## WORK ITEM
In full and word for word, copy the listing; no pictures belong in the copy.
··· MATERIAL PROVIDED ···
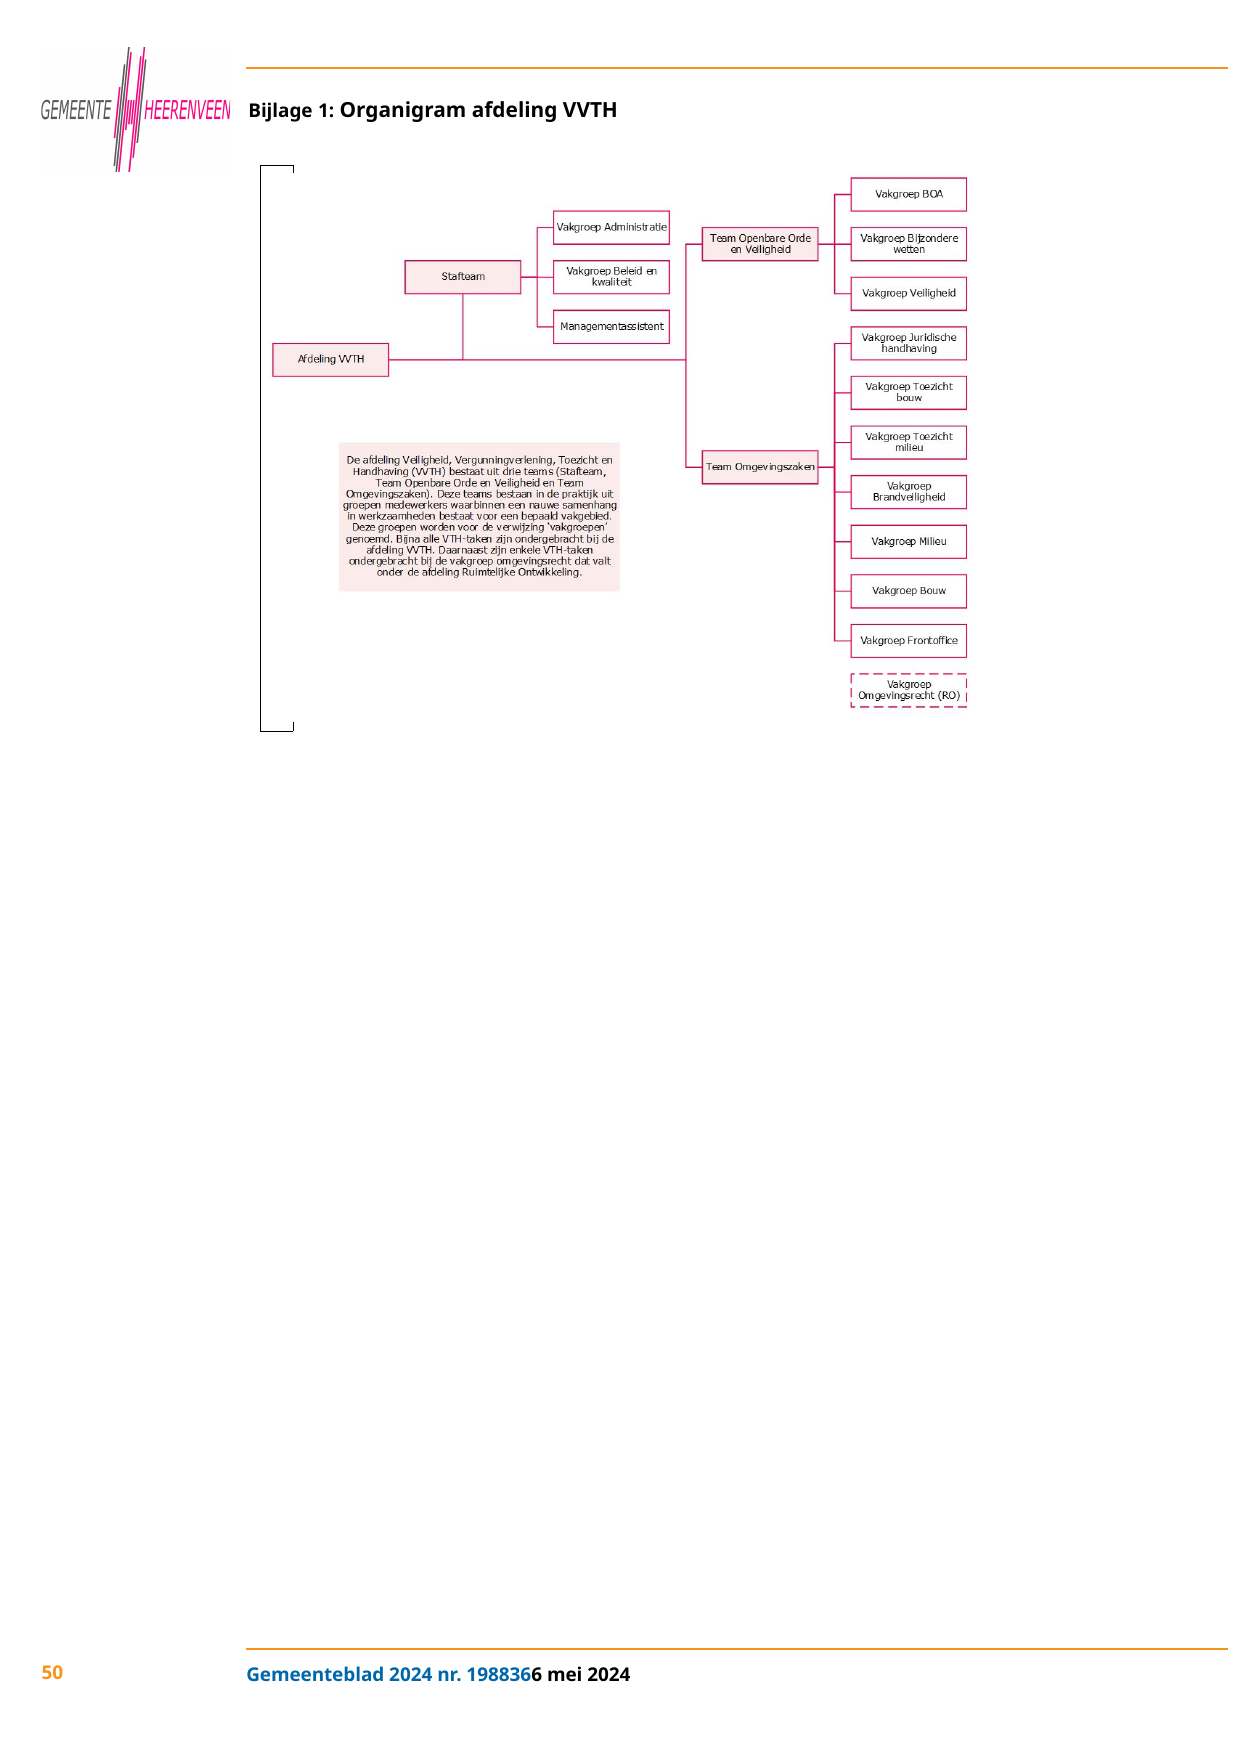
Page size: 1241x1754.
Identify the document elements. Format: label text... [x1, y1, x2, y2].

picture [268, 173, 978, 722]
text Bijlage 1: Organigram afdeling VVTH [248, 95, 1152, 123]
picture [41, 47, 231, 172]
···
## RESULT OF THE EXERCISE
Page size: 1241x1754.
Identify the document elements. Format: label text... [x1, y1, x2, y2].

picture [268, 173, 978, 722]
text Bijlage 1: Organigram afdeling VVTH [248, 95, 1152, 123]
picture [41, 47, 231, 172]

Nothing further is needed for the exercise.